The repository documents the code for "Validating Deep-Learning Weather Forecast Models on Recent High-Impact Extreme Events" by Olivier C. Pasche, Jonathan Wider, Zhongwei Zhang, Jakob Zscheischler, and Sebastian Engelke (DOI: 10.1175/AIES-D-24-0033.1). We focus on the analyses conducted for our case studies. Details about how to run the AI models are referred to the GitHub pages of the respective modeling groups; see the "Prediction models" section.
We provide two environment files: eval_env.yml is the file we used to create the environment, and eval_log.yml was created with conda env export to provide the exact version numbers we used.
This should enable recreating our environment through conda env create -f <environment-name>.yml.
We release preprocessed ground truth and prediction weather data for the three case studies considered in the paper as a zenodo dataset. The dataset is created using several sources:
- for the ground truth data sets, we use data released through WeatherBench 2 [paper] [dataset documentation] when possible. In particular, we use their ERA5 climatology in the Pacific Northwest heatwave case study.
- when the ground truth data is not available through WeatherBench 2, we download it from ECMWF.
- We ran all ML weather forecasting models ourselves, using ERA5 to initialize the models.
- HRES forecasts were retrieved from the ECMWF operational archive and the TIGGE data retrieval portal.
For details, including the license statements of the utilized ECMWF data sets, see the documentation of the zenodo dataset.
For reproducibility, the data is to be downloaded from zenodo and placed in a folder named 'data' at the root of this repository. The analysis code expects all respective data files to be available in ./data/.
We compare the following AI weather prediction models:
For GraphCast, we use the version 'GraphCast' released on GitHub (this should not be confused with 'GraphCast_small' or 'GraphCast_operational').

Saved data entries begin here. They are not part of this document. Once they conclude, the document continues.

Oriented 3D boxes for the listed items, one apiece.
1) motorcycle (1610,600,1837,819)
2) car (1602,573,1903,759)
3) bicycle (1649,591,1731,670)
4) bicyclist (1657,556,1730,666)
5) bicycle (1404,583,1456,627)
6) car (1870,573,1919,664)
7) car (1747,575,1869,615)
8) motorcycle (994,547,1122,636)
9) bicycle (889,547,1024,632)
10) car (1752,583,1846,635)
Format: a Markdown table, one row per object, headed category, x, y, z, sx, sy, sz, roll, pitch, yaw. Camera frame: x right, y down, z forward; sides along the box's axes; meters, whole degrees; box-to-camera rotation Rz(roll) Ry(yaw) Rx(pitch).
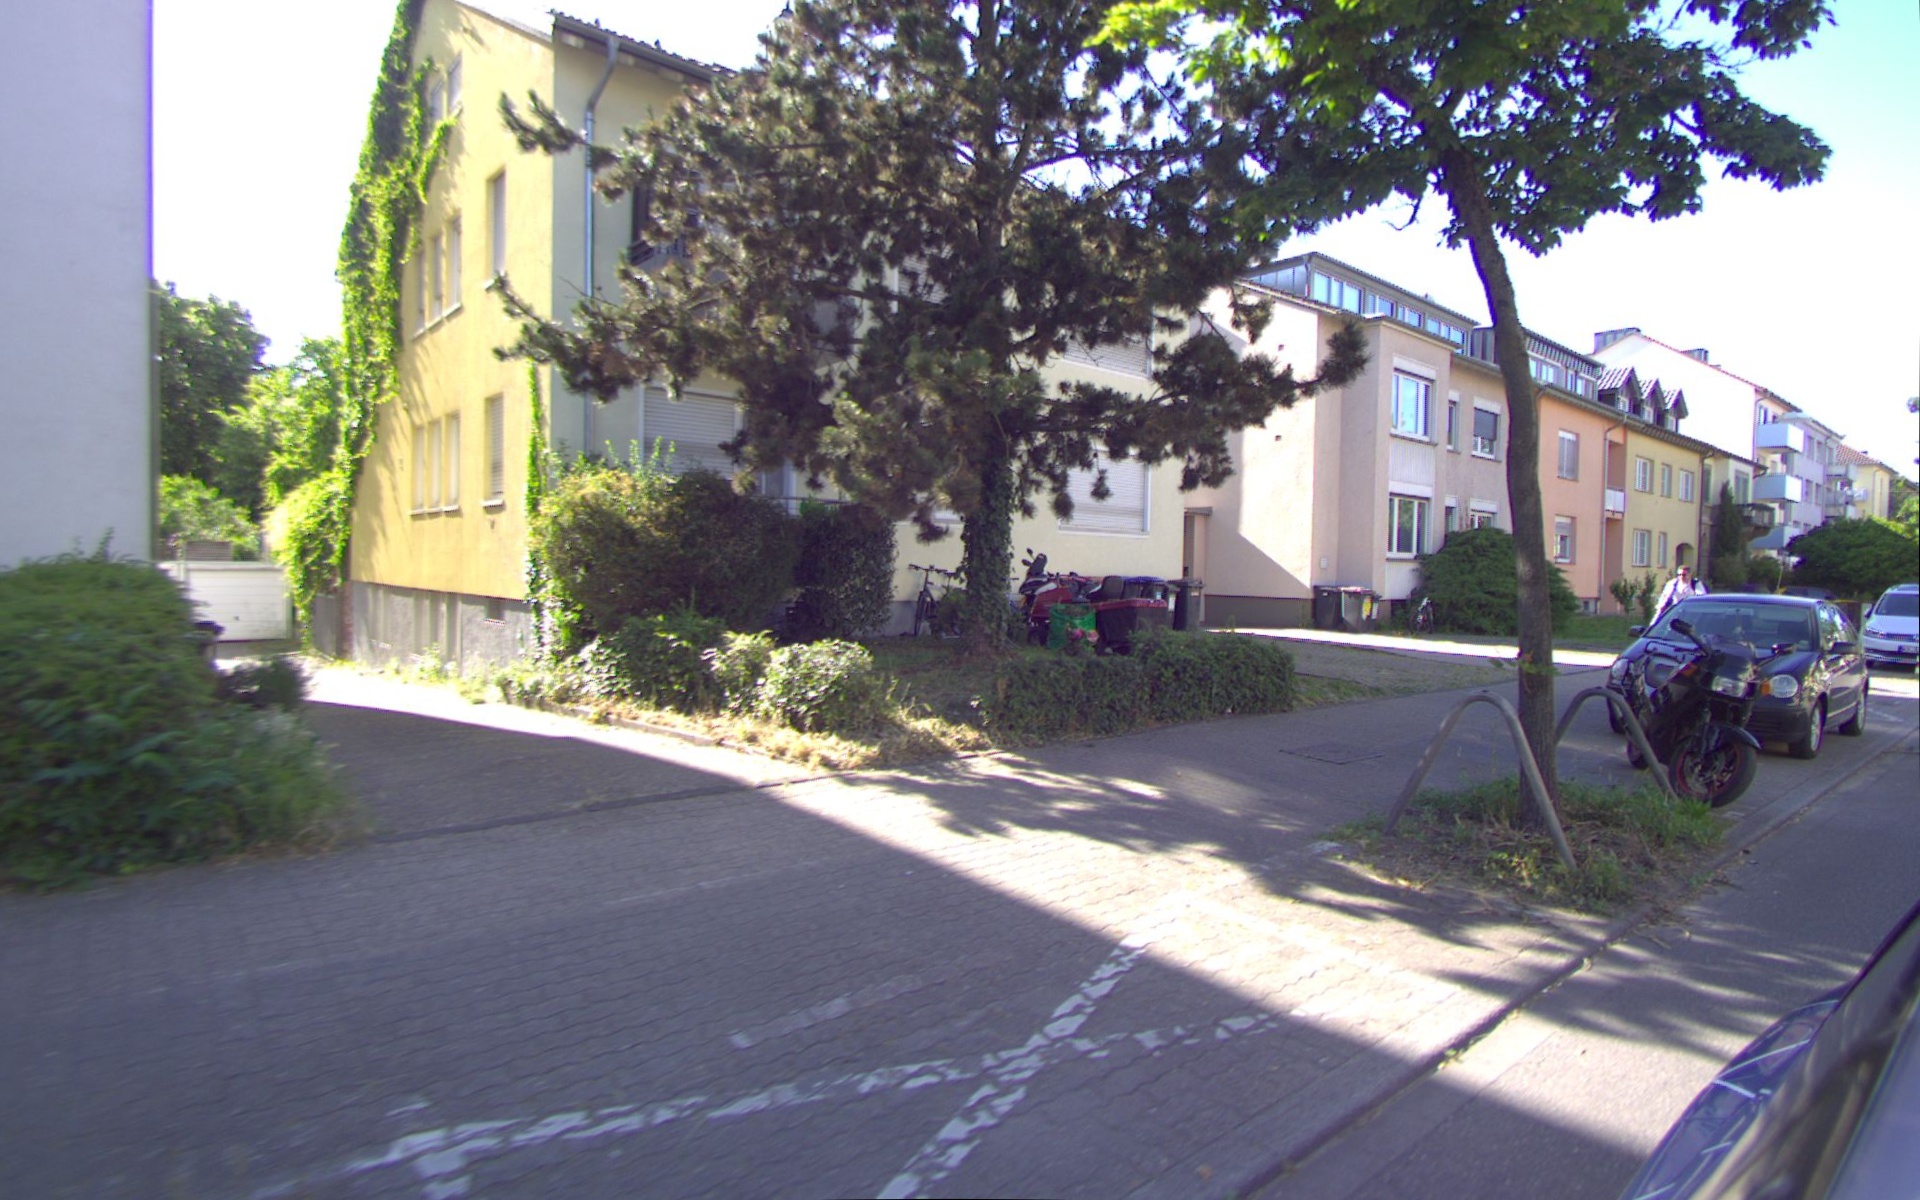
| category | x | y | z | sx | sy | sz | roll | pitch | yaw |
| --- | --- | --- | --- | --- | --- | --- | --- | --- | --- |
| motorcycle | 5.682 | 0.702 | 7.723 | 0.692 | 1.287 | 2.415 | 3 | 3 | 21 |
| car | 8.122 | 0.532 | 10.281 | 3.583 | 1.517 | 1.624 | 0 | 3 | -39 |
| bicycle | 12.575 | 0.487 | 17.407 | 1.790 | 1.262 | 0.699 | 0 | 3 | -41 |
| bicyclist | 12.651 | 0.172 | 17.450 | 0.998 | 1.815 | 0.725 | 0 | 3 | -41 |
| bicycle | 11.551 | 0.107 | 24.841 | 1.713 | 1.004 | 0.456 | -2 | 5 | -41 |
| car | 19.572 | 0.355 | 20.091 | 4.267 | 1.679 | 1.772 | 0 | 3 | -42 |
| car | 39.305 | -0.265 | 46.962 | 1.799 | 1.458 | 3.998 | 0 | 6 | -40 |
| motorcycle | 1.671 | -0.153 | 16.932 | 2.383 | 1.392 | 0.637 | 0 | 3 | -41 |
| bicycle | -0.028 | -0.178 | 16.646 | 2.383 | 1.319 | 0.599 | 0 | 3 | -41 |
| car | 25.327 | 0.225 | 30.512 | 3.653 | 1.372 | 1.535 | 0 | 5 | -41 |

For PanguWeather we used a combination of the authors' 6h and 24h models, following the "hierarchical temporal aggregation strategy" they developed.

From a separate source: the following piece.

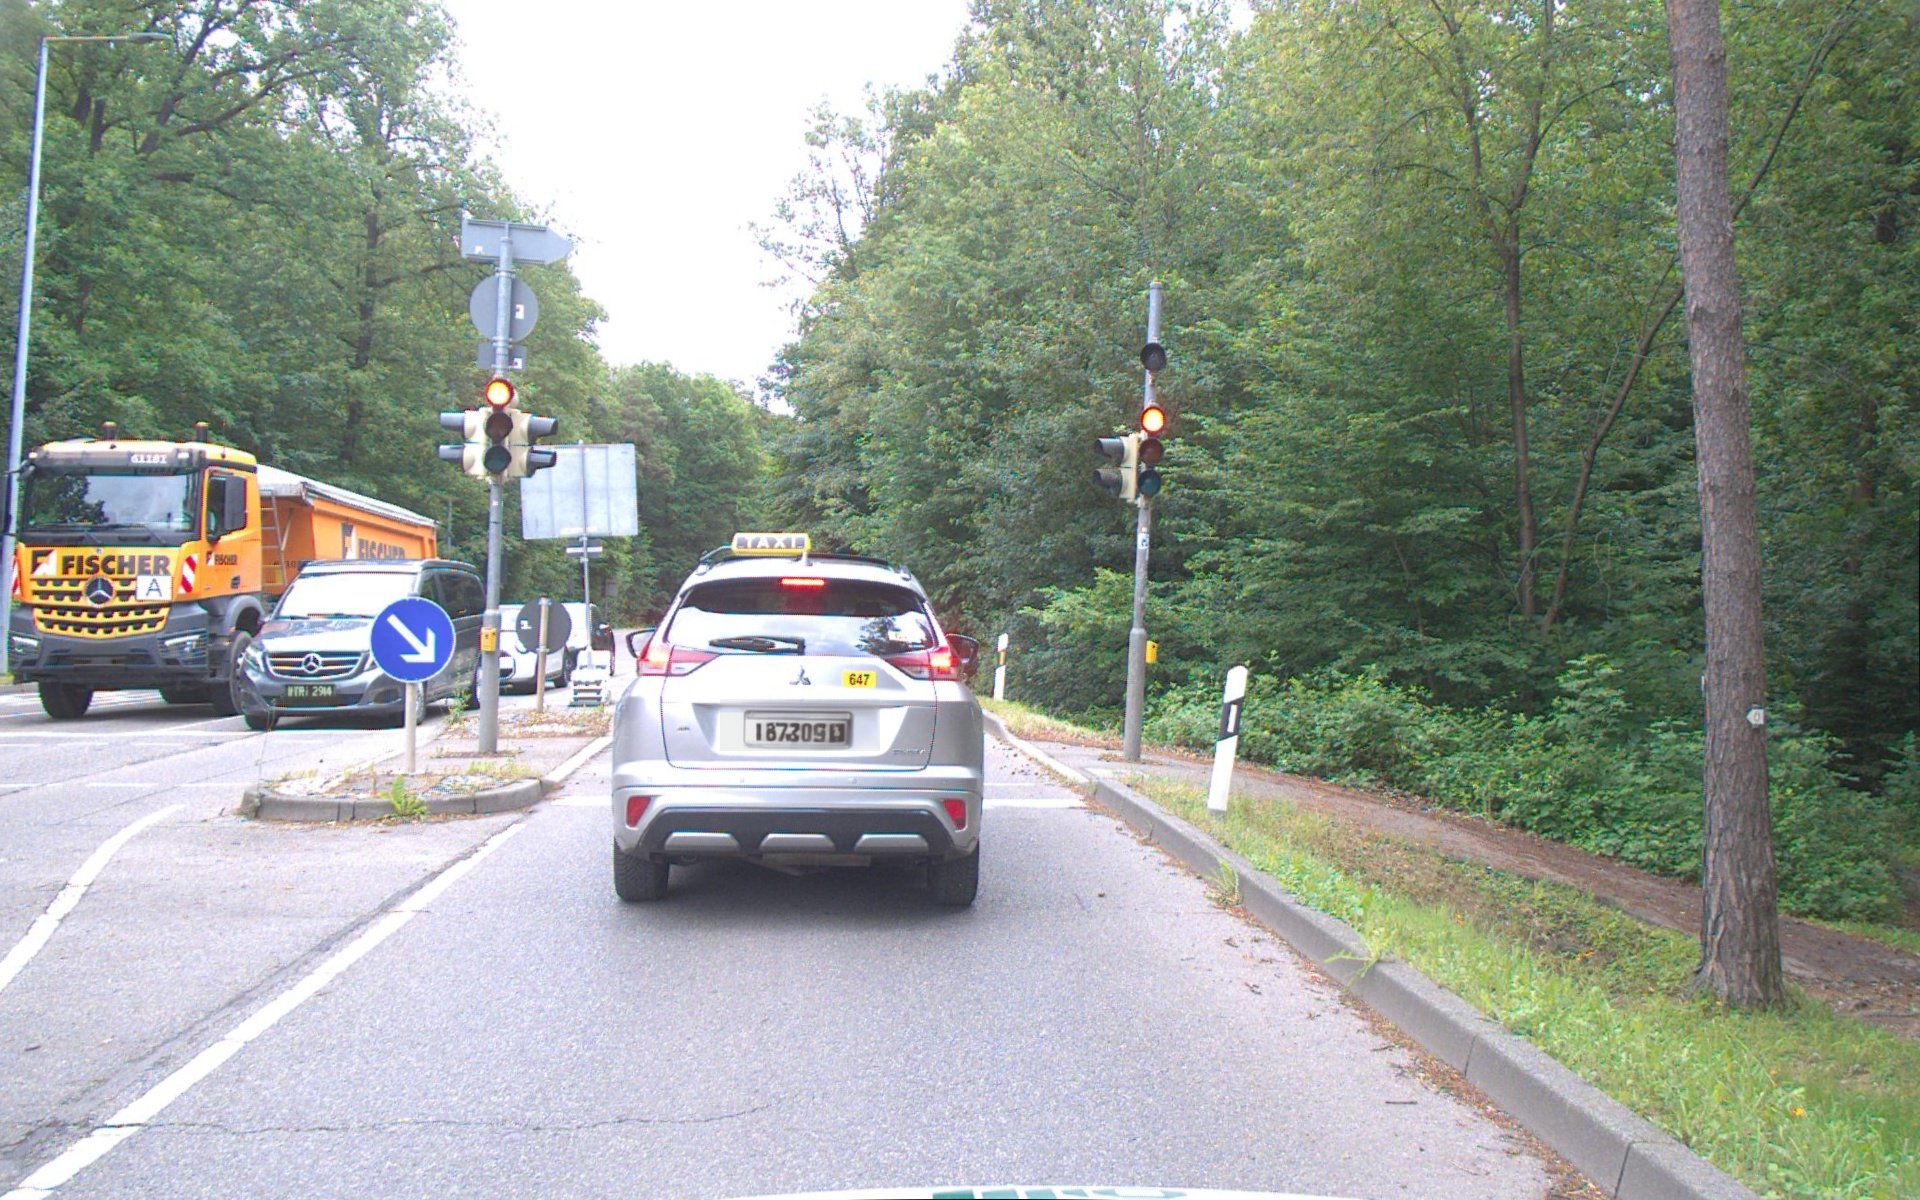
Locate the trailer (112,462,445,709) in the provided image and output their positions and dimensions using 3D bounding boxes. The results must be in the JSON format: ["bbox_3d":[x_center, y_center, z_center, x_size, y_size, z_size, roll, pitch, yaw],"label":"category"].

For the case study on the 2023 South Asia humid heatwave, we used the shapefiles contained in the Shapefiles/ subdirectory to mask a region that is comparable to the study "Extreme humid heat in South Asia in April 2023, largely driven by climate change, detrimental to vulnerable and disadvantaged communities" (2023), [paper]. We use country boundaries from the “World Administrative Boundaries - Countries and Territories” (link, Open Government License 3.0) data set by the World Food Programme and for the India-Bangladesh region we additionally use the (1976-2000) map of “World Maps of the Köppen-Geiger Climate Classification” (link, Creative Commons Attribution 4.0).